Indeed, partitions of $$n$$ (into equal or different non-zero parts) are in bijection with sequences of non-negative integers $$(\beta_1,\cdots,\beta_n)$$, satisfying $$\sum_{i}i\beta_i= n.$$ This gives the interpretation of each $$\beta_i$$ as the number of parts of size equal to $$i$$ (it can, of course, be zero). Moreover $$\sum_{i}\beta_i$$ becomes now the total number of parts of the partition (usually called the length of the partition).

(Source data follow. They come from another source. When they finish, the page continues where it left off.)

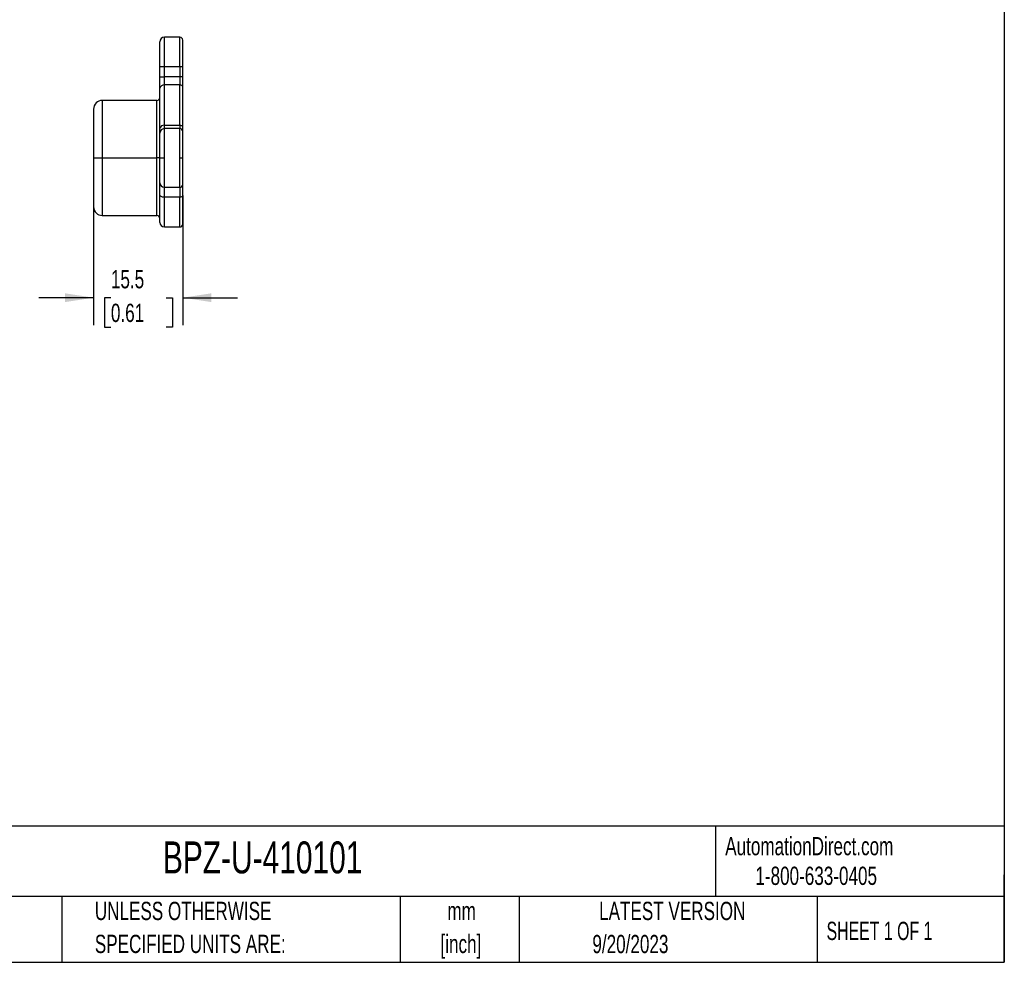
# Model space of a CAD drawing. Header units: millimetres. Extents: x 10 to 410, y 10 to 314.
# Tile 4 of 6: x 238 to 410, y 10 to 173. Entities that reach past the tile are written whole.
import ezdxf

# ---------------------------------------------------------------- set-up
doc = ezdxf.new("R2010")
doc.units = ezdxf.units.MM
doc.header["$LTSCALE"] = 1.5
doc.layers.add('DIMENSIONS', color=140, linetype='Continuous', lineweight=25)
doc.layers.add('TEXT', color=140, linetype='Continuous', lineweight=25)
doc.styles.add('SLDTEXTSTYLE0', font='TXT', dxfattribs={"width": 0.7})
doc.styles.add('SLDTEXTSTYLE1', font='TXT', dxfattribs={"width": 0.65})
doc.dimstyles.new('SLDDIMSTYLE1', dxfattribs={"dimtxt": 3.237012, "dimasz": 4.953, "dimexe": 0, "dimexo": 0.0625, "dimgap": 0.809253, "dimtad": 0, "dimtih": 1, "dimtoh": 1, "dimrnd": 1e-09, "dimzin": 12, "dimdsep": 46, "dimtxsty": 'SLDTEXTSTYLE0', "dimsah": 1, "dimcen": 0.09, "dimadec": 0, "dimazin": 3, "dimtfac": 1, "dimtmove": 0, "dimatfit": 0, "dimfxl": 0, "dimfrac": 2, "dimtolj": 1, "dimtzin": 12, "dimarcsym": 0})

# ---------------------------------------------------------------- blocks, each defined once
blk = doc.blocks.new('_D_19')
at = {"layer": 'DIMENSIONS'}
for p, q in [((266.71, 142.89), (266.71, 120.33)), ((251.21, 140.89), (251.21, 120.33)), ((251.21, 125.1), (241.68, 125.1)), ((254.21, 125.1), (253.12, 125.1)), ((253.12, 125.1), (253.12, 119.95)), ((263.83, 125.1), (264.92, 125.1)), ((264.92, 125.1), (264.92, 119.95)), ((266.71, 125.1), (276.23, 125.1)), ((253.12, 119.95), (254.21, 119.95)), ((264.92, 119.95), (263.83, 119.95))]:
    blk.add_line(p, q, dxfattribs=at)
for points in [[(251.21, 125.1), (246.25, 125.86), (246.25, 124.34)], [(266.71, 125.1), (271.66, 124.34), (271.66, 125.86)]]:
    blk.add_solid(points, dxfattribs=at)
at = {"layer": 'DIMENSIONS', "char_height": 3.175, "attachment_point": 1, "style": 'SLDTEXTSTYLE0'}
for s, insert in [('15.5', (254.21, 129.91)), ('0.61', (254.21, 124.05))]:
    blk.add_mtext(s, dxfattribs=dict(at, insert=insert))

msp = doc.modelspace()

# ---------------------------------------------------------------- linework, layer by layer
for p, q in [((266.206, 170.397), (263.506, 170.397)), ((263.506, 165.297), (263.506, 170.397)), ((266.206, 165.297), (266.206, 170.397)), ((262.706, 165.297), (263.506, 165.297)), ((262.706, 163.51), (262.706, 165.297)), ((263.506, 165.297), (266.206, 165.297)), ((263.506, 163.51), (263.506, 165.297)), ((266.206, 165.297), (266.706, 165.297)), ((266.206, 165.297), (266.206, 163.51)), ((266.706, 163.51), (266.706, 165.297)), ((262.706, 163.51), (263.506, 163.51)), ((263.506, 162.096), (263.506, 163.51)), ((266.206, 163.51), (263.506, 163.51)), ((266.206, 163.51), (266.206, 162.096)), ((266.706, 163.51), (266.206, 163.51)), ((262.706, 154.517), (262.706, 161.53)), ((263.506, 155.082), (263.506, 162.096)), ((266.206, 162.096), (263.506, 162.096)), ((266.206, 155.082), (266.206, 162.096)), ((266.706, 154.729), (266.706, 161.742)), ((262.206, 159.397), (252.706, 159.397)), ((252.706, 159.397), (252.706, 149.397)), ((262.206, 149.397), (262.206, 159.397)), ((263.506, 154.497), (263.506, 155.082)), ((263.506, 155.082), (266.206, 155.082)), ((266.206, 154.497), (263.506, 154.497)), ((263.506, 149.397), (263.506, 154.497)), ((266.206, 155.082), (266.206, 154.497)), ((266.206, 149.397), (266.206, 154.497)), ((251.206, 149.397), (252.706, 149.397)), ((252.706, 149.397), (262.206, 149.397)), ((252.706, 149.397), (252.706, 139.397)), ((262.706, 149.397), (262.206, 149.397)), ((262.206, 139.397), (262.206, 149.397)), ((262.706, 149.397), (263.506, 149.397)), ((263.506, 144.297), (263.506, 149.397)), ((266.206, 144.297), (266.206, 149.397)), ((266.206, 149.397), (266.706, 149.397)), ((263.506, 144.297), (266.206, 144.297)), ((263.506, 142.572), (263.506, 144.297)), ((266.206, 144.297), (266.206, 142.572)), ((266.206, 142.572), (263.506, 142.572)), ((263.506, 137.397), (263.506, 142.572)), ((266.206, 137.397), (266.206, 142.572)), ((252.706, 139.397), (262.206, 139.397)), ((263.506, 137.397), (266.206, 137.397))]:
    msp.add_line(p, q)
at = {"flags": 128}
for points in [[(263.506, 142.572), (263.35, 142.58), (263.2, 142.606), (263.061, 142.648), (262.94, 142.705), (262.841, 142.774), (262.767, 142.852), (262.721, 142.938), (262.706, 143.027)], [(266.706, 142.856), (266.696, 142.8), (266.668, 142.747), (266.622, 142.698), (266.559, 142.655), (266.484, 142.619), (266.397, 142.593), (266.303, 142.577), (266.206, 142.572)]]:
    msp.add_lwpolyline(points, dxfattribs=at)
for centre, radius, start, end in [((263.506, 169.597), 0.8, 90, 180), ((266.206, 169.897), 0.5, 0, 90), ((263.406, 161.388), 0.714, 81.95053, 168.57825), ((266.268, 161.654), 0.446, 11.42175, 98.04947), ((252.706, 157.897), 1.5, 90, 180), ((262.206, 159.897), 0.5, 270, 0), ((263.406, 154.375), 0.714, 81.95053, 168.57825), ((263.506, 153.697), 0.8, 90, 180), ((266.268, 154.64), 0.446, 11.42175, 98.04947), ((266.206, 153.997), 0.5, 0, 90), ((263.506, 145.097), 0.8, 180, 270), ((266.206, 144.797), 0.5, 270, 0), ((252.706, 140.897), 1.5, 180, 270), ((262.206, 138.897), 0.5, 0, 90), ((263.506, 138.197), 0.8, 180, 270), ((266.206, 137.897), 0.5, 270, 0)]:
    msp.add_arc(centre, radius, start, end)
for points, knots in [([(262.706, 165.297), (262.706, 165.365), (262.706, 165.5), (262.706, 165.703), (262.706, 165.904), (262.706, 166.102), (262.706, 166.3), (262.706, 166.495), (262.706, 166.689), (262.706, 166.952), (262.706, 167.278), (262.706, 167.656), (262.706, 168.013), (262.706, 168.342), (262.706, 168.64), (262.706, 168.9), (262.706, 169.121), (262.706, 169.297), (262.706, 169.433), (262.706, 169.527), (262.706, 169.586), (262.706, 169.593), (262.706, 169.597)], [0, 0, 0, 0, 0.0302328, 0.0602668, 0.0901682, 0.1200044, 0.149843, 0.1797517, 0.2097977, 0.2400474, 0.3043205, 0.3686717, 0.4343125, 0.5000329, 0.5656737, 0.6313941, 0.6956673, 0.7600184, 0.8202543, 0.8799701, 0.9397055, 1, 1, 1, 1]), ([(262.706, 161.53), (262.706, 161.568), (262.706, 161.643), (262.706, 161.764), (262.706, 161.889), (262.706, 162.019), (262.706, 162.153), (262.706, 162.293), (262.706, 162.473), (262.706, 162.696), (262.706, 162.962), (262.706, 163.234), (262.706, 163.418), (262.706, 163.51)], [0, 0, 0, 0, 0.071976, 0.143395, 0.2144817, 0.285464, 0.3565707, 0.4280295, 0.5000646, 0.6256143, 0.7499716, 0.8743596, 1, 1, 1, 1]), ([(251.206, 157.897), (251.206, 157.897), (251.206, 157.001), (251.206, 153.813), (251.206, 151.651), (251.206, 149.397)], [0, 0, 0, 0, 0.5, 0.5, 1, 1, 1, 1]), ([(262.706, 153.697), (262.706, 153.697), (262.706, 153.699), (262.706, 153.713), (262.706, 153.734), (262.706, 153.765), (262.706, 153.804), (262.706, 153.852), (262.706, 153.922), (262.706, 154.023), (262.706, 154.164), (262.706, 154.327), (262.706, 154.453), (262.706, 154.517)], [0, 0, 0, 0, 0.071976, 0.14339501, 0.21448173, 0.28546402, 0.35657071, 0.42802948, 0.50006464, 0.62561428, 0.74997163, 0.87435956, 1, 1, 1, 1]), ([(262.706, 149.397), (262.706, 149.465), (262.706, 149.6), (262.706, 149.803), (262.706, 150.004), (262.706, 150.202), (262.706, 150.4), (262.706, 150.595), (262.706, 150.789), (262.706, 151.052), (262.706, 151.378), (262.706, 151.756), (262.706, 152.113), (262.706, 152.442), (262.706, 152.74), (262.706, 153), (262.706, 153.221), (262.706, 153.397), (262.706, 153.533), (262.706, 153.627), (262.706, 153.686), (262.706, 153.693), (262.706, 153.697)], [0, 0, 0, 0, 0.0302328, 0.0602667, 0.0901681, 0.1200043, 0.1498428, 0.1797515, 0.2097975, 0.2400471, 0.3043203, 0.3686713, 0.4343121, 0.5000324, 0.5656732, 0.6313935, 0.6956666, 0.7600177, 0.8202688, 0.8799896, 0.93972, 1, 1, 1, 1]), ([(251.206, 149.397), (251.206, 147.142), (251.206, 144.98), (251.206, 141.792), (251.206, 140.897), (251.206, 140.897)], [0, 0, 0, 0, 0.5, 0.5, 1, 1, 1, 1]), ([(262.706, 145.097), (262.706, 145.097), (262.706, 145.099), (262.706, 145.114), (262.706, 145.137), (262.706, 145.17), (262.706, 145.213), (262.706, 145.265), (262.706, 145.326), (262.706, 145.423), (262.706, 145.572), (262.706, 145.793), (262.706, 146.053), (262.706, 146.35), (262.706, 146.68), (262.706, 147.037), (262.706, 147.415), (262.706, 147.803), (262.706, 148.196), (262.706, 148.589), (262.706, 148.991), (262.706, 149.261), (262.706, 149.397)], [0, 0, 0, 0, 0.03023281, 0.06026674, 0.09016814, 0.12000428, 0.14984285, 0.17975153, 0.20979753, 0.24004715, 0.30432026, 0.36867135, 0.43431207, 0.50003244, 0.56567317, 0.63139353, 0.69566665, 0.76001775, 0.82026883, 0.87998957, 0.93972003, 1, 1, 1, 1]), ([(262.706, 143.027), (262.706, 143.089), (262.706, 143.213), (262.706, 143.39), (262.706, 143.561), (262.706, 143.725), (262.706, 143.963), (262.706, 144.253), (262.706, 144.558), (262.706, 144.8), (262.706, 144.953), (262.706, 145.041), (262.706, 145.088), (262.706, 145.094), (262.706, 145.097)], [0, 0, 0, 0, 0.04937, 0.098581, 0.1477447, 0.1969733, 0.2463786, 0.3731437, 0.5000202, 0.6267853, 0.7536618, 0.8358367, 0.9177761, 1, 1, 1, 1]), ([(262.706, 138.2), (262.706, 138.199), (262.706, 138.19), (262.706, 138.23), (262.706, 138.325), (262.706, 138.488), (262.706, 138.711), (262.706, 138.994), (262.706, 139.336), (262.706, 139.733), (262.706, 140.181), (262.706, 140.676), (262.706, 141.212), (262.706, 141.783), (262.706, 142.383), (262.706, 142.812), (262.706, 143.027)], [0, 0, 0, 0, 0.0122103, 0.0868227, 0.1638852, 0.2407558, 0.3178627, 0.3955747, 0.4730895, 0.5508463, 0.62727, 0.703507, 0.7799749, 0.8533674, 0.9265858, 1, 1, 1, 1]), ([(266.706, 137.9), (266.706, 137.899), (266.706, 137.89), (266.706, 137.931), (266.706, 138.028), (266.706, 138.196), (266.706, 138.425), (266.706, 138.715), (266.706, 139.067), (266.706, 139.474), (266.706, 139.934), (266.706, 140.443), (266.706, 140.993), (266.706, 141.58), (266.706, 142.195), (266.706, 142.635), (266.706, 142.856)], [0, 0, 0, 0, 0.01221088, 0.08682268, 0.16388574, 0.24075635, 0.31786274, 0.39557527, 0.47309007, 0.5508463, 0.62727061, 0.70350759, 0.77997488, 0.85336764, 0.92658607, 1, 1, 1, 1])]:
    msp.add_open_spline(points, degree=3, knots=knots)
for points in [[(266.706, 165.297), (266.706, 167.835), (266.706, 169.897), (266.706, 169.897)], [(266.706, 161.742), (266.706, 162.211), (266.706, 162.847), (266.706, 163.51)], [(266.706, 153.997), (266.706, 153.997), (266.706, 154.26), (266.706, 154.729)], [(266.706, 149.397), (266.706, 151.935), (266.706, 153.997), (266.706, 153.997)], [(266.706, 144.797), (266.706, 144.797), (266.706, 146.858), (266.706, 149.397)], [(266.706, 142.856), (266.706, 144.071), (266.706, 144.797), (266.706, 144.797)]]:
    msp.add_open_spline(points, degree=3)
at = {"layer": 'TEXT'}
for p, q in [((409.575, 314.325), (409.575, 9.525)), ((409.575, 33.189), (9.525, 33.189)), ((359.363, 33.189), (359.363, 20.955)), ((409.575, 9.525), (409.575, 24.765)), ((409.575, 20.955), (9.525, 20.955)), ((245.67, 20.955), (245.67, 9.525)), ((304.536, 20.955), (304.536, 9.525)), ((325.218, 20.955), (325.218, 9.525)), ((377.023, 20.955), (377.023, 9.525)), ((9.525, 9.525), (409.575, 9.525))]:
    msp.add_line(p, q, dxfattribs=at)

# ---------------------------------------------------------------- texts
for s, insert, char_height, attachment_point, style in [('AutomationDirect.com', (361.042, 31.315), 3.175, 1, 'SLDTEXTSTYLE0'), ('BPZ-U-410101', (263.253, 30.547), 5.55625, 1, 'SLDTEXTSTYLE0'), ('1-800-633-0405', (366.287, 26.156), 3.175, 1, 'SLDTEXTSTYLE0'), ('UNLESS OTHERWISE', (251.412, 20.046), 3.175, 1, 'SLDTEXTSTYLE0'), ('mm', (315.196, 20.042), 3.175, 2, 'SLDTEXTSTYLE0'), ('LATEST VERSION', (351.828, 20.046), 3.175, 2, 'SLDTEXTSTYLE0'), ('SHEET 1 OF 1', (378.662, 16.577), 3.175, 1, 'SLDTEXTSTYLE1'), ('SPECIFIED UNITS ARE:', (251.412, 14.313), 3.175, 1, 'SLDTEXTSTYLE0'), ('[inch]', (315.07, 14.309), 3.175, 2, 'SLDTEXTSTYLE0'), ('9/20/2023', (344.552, 14.291), 3.175, 2, 'SLDTEXTSTYLE0')]:
    msp.add_mtext(s, dxfattribs=dict(at, insert=insert, char_height=char_height, attachment_point=attachment_point, style=style))

# ---------------------------------------------------------------- dimensions: what is measured, and where the dimension line sits
at = {"layer": 'DIMENSIONS'}
dim = msp.add_linear_dim(base=(266.706, 125.097), p1=(251.206, 142.796), p2=(266.706, 144.797), angle=0, dimstyle='SLDDIMSTYLE1', dxfattribs=at)
dim.commit()
dim.dimension.update_dxf_attribs({"geometry": '_D_19', "text_midpoint": (259.02, 125.097), "dimtype": 160})

doc.saveas('drawing.dxf')

Then, the formula for the coefficients $$b_n$$ of $$F^{-1}$$ is: $$b_n = \sum_{\beta=(\beta_i)\in P_n} (-1)^{|\beta|} |\beta| ! \prod_{i=1}^n \frac{a_i^{\beta_i}}{\beta_i !}$$

where $$P_n$$ denotes the finite set of all partitions of $$n$$, and $$|\beta|$$ is the length of the partition $$\beta = (\beta_1,\cdots,\beta_n)\in P_n$$

Wronski's formula can be derived from the formula $$$$\label{Sitnik-Bourbaki}\tag{2} \frac{\textrm{d}^k}{\textrm{d}z^k}\biggl(\frac{u}{v}\biggr) =\frac{(-1)^k}{v^{k+1}} \begin{vmatrix} u & v & 0 & \dotsm & 0\\ u' & v' & v & \dotsm & 0\\ u'' & v'' & 2v' & \dotsm & 0\\ \dotsm & \dotsm & \dotsm & \ddots & \dotsm\\ u^{(k-1)} & v^{(k-1)} & \binom{k-1}1v^{(k-2)} & \dots & v\\ u^{(k)} & v^{(k)} & \binom{k}1v^{(k-1)} & \dots & \binom{k}{k-1}v' \end{vmatrix},$$$$ where $$u=u(z)$$ and $$v=v(z)\ne0$$ are differentiable functions. For more details, please refer to Section 5 in the paper [1] below. So the formula \eqref{Sitnik-Bourbaki} is also an answer to this question.